砲撃事件の背景を考える 1
23日午後に発生した北朝鮮軍による延坪島砲撃は、北朝鮮の政治指導、指令体系から考えて、金正日総書記の承認があったのは間違いない。
軍部の独自の判断、前線部隊の勝手な行動の可能性はあり得ない。

金総書記のみが国家と政治を指導する「唯一指導体系」のシステムの中では、今回の砲撃事件のような重大かつ高度な判断を要する作戦は、金総書記自らが立案・指示するか、下部が立案して「提議書」が上げられ、金総書記が承認するかのどちらかである。

どんな高位幹部であっても、軍の最高実力者である李英鎬(リヨンホ)大将であっても、独断で実行することはあり得ない。
作戦が成功しようが失敗しようが、作戦の独断実行は「唯一指導体系」違反になる。
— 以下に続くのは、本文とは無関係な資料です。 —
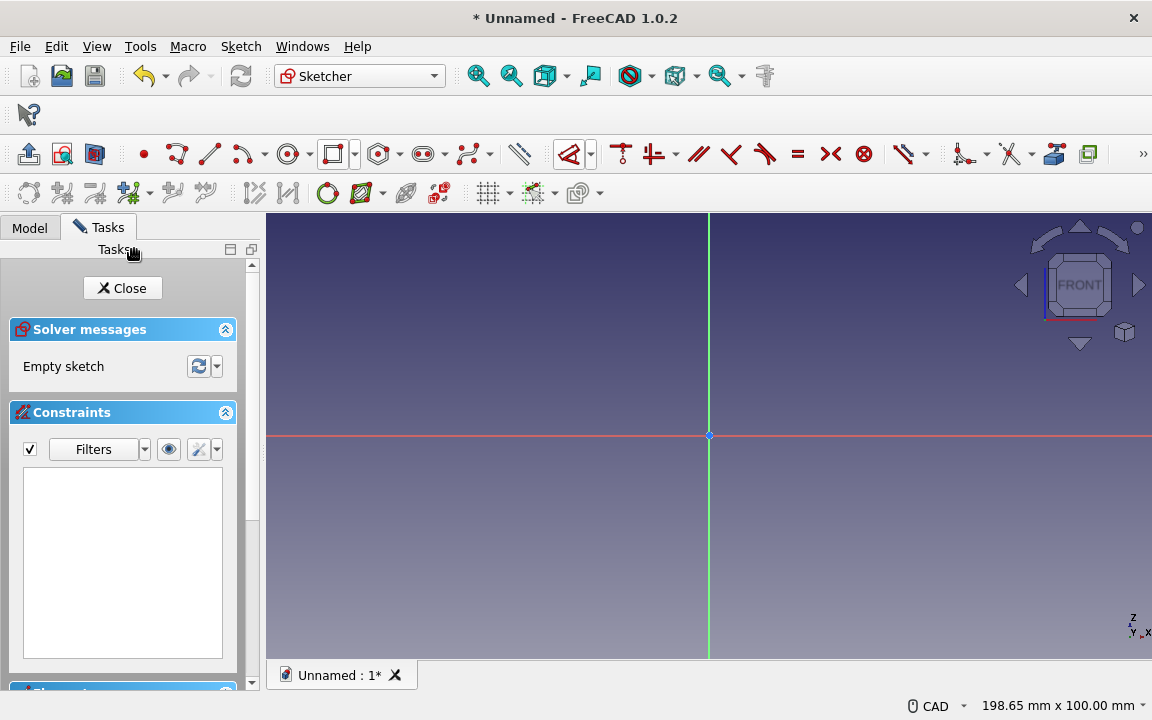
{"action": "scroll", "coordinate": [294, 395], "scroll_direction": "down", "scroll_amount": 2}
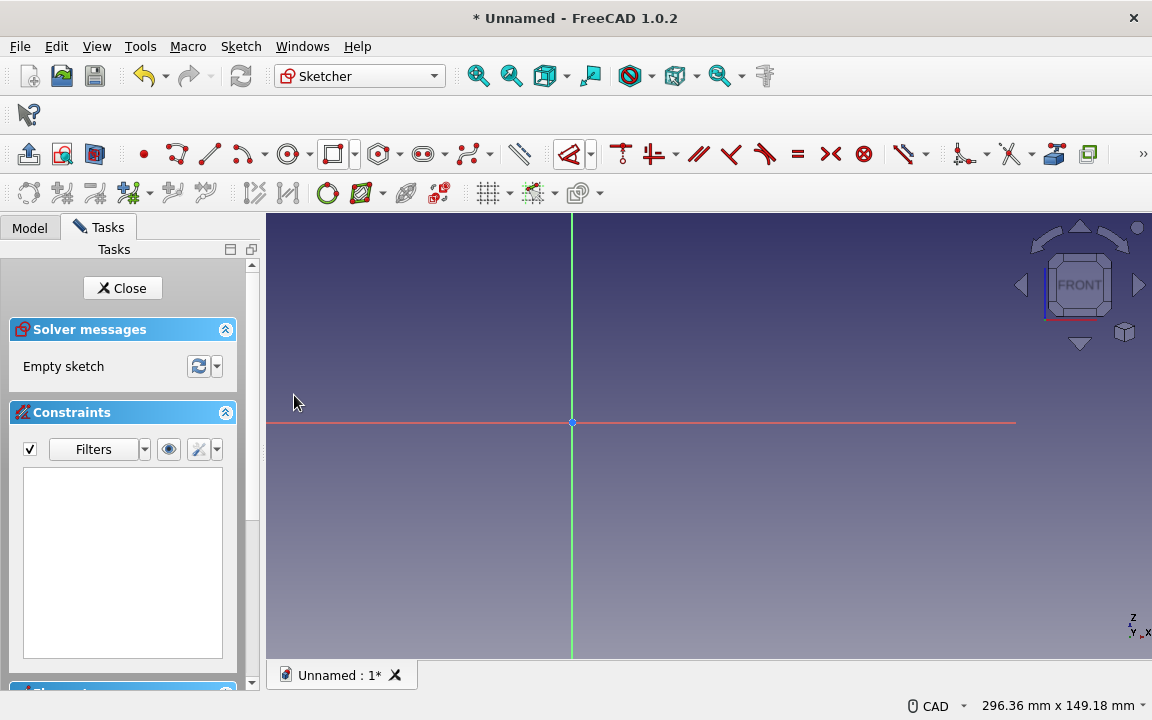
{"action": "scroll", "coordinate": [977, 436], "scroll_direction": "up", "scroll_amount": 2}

北朝鮮では、これはもっとも重大な「政治犯罪」であり、「革命化」の対象となるのである。

現状で、独断で作戦を実行しても「唯一指導体系」違反に問われないのは、金総書記の三男とされる金正恩氏だけである。それは、金正恩氏が次代の「唯一の指導者」に内定しているからだ。
延平島攻撃が、もし金総書記の裁可を受けていなかったとしたら、それを実行することできる唯一人の人物は、金正恩氏ということになる。